=== Section Start ===

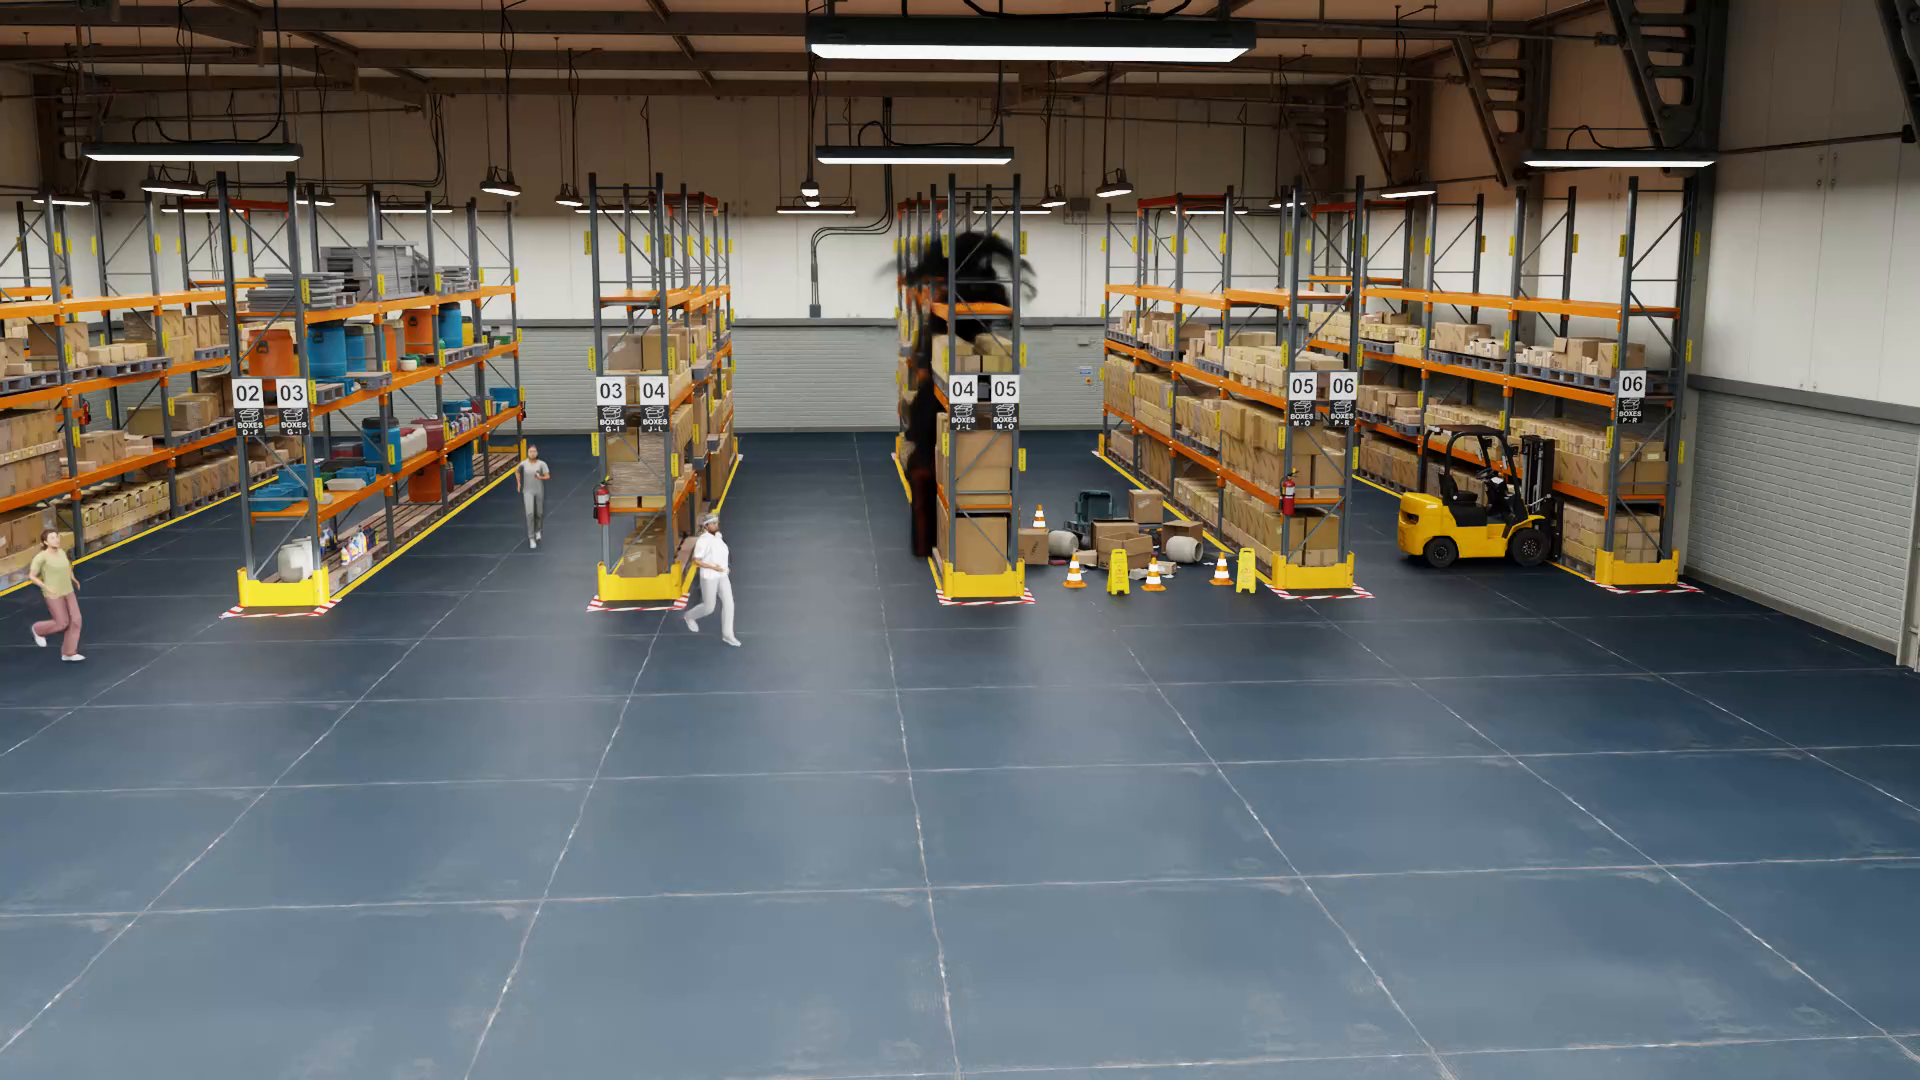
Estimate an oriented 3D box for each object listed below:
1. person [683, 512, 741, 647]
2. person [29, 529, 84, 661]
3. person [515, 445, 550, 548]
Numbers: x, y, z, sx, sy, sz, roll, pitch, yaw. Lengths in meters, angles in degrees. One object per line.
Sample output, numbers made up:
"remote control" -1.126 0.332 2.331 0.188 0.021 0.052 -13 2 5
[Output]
"person" -3.155 0.479 21.188 0.901 1.702 0.592 7 12 36
"person" -11.029 0.669 20.317 0.710 1.617 0.595 4 11 21
"person" -7.208 -0.768 28.124 0.550 1.693 0.904 -3 11 -18

=== Section End ===

- [HOW TO COMPLETE THIS TASK]
Without the pictures, restate all of the entries above verbatim.

- [RESPONSE AREA]
Estimate an oriented 3D box for each object listed below:
1. person [683, 512, 741, 647]
2. person [29, 529, 84, 661]
3. person [515, 445, 550, 548]
Numbers: x, y, z, sx, sy, sz, roll, pitch, yaw. Lengths in meters, angles in degrees. One object per line.
Sample output, numbers made up:
"remote control" -1.126 0.332 2.331 0.188 0.021 0.052 -13 2 5
[Output]
"person" -3.155 0.479 21.188 0.901 1.702 0.592 7 12 36
"person" -11.029 0.669 20.317 0.710 1.617 0.595 4 11 21
"person" -7.208 -0.768 28.124 0.550 1.693 0.904 -3 11 -18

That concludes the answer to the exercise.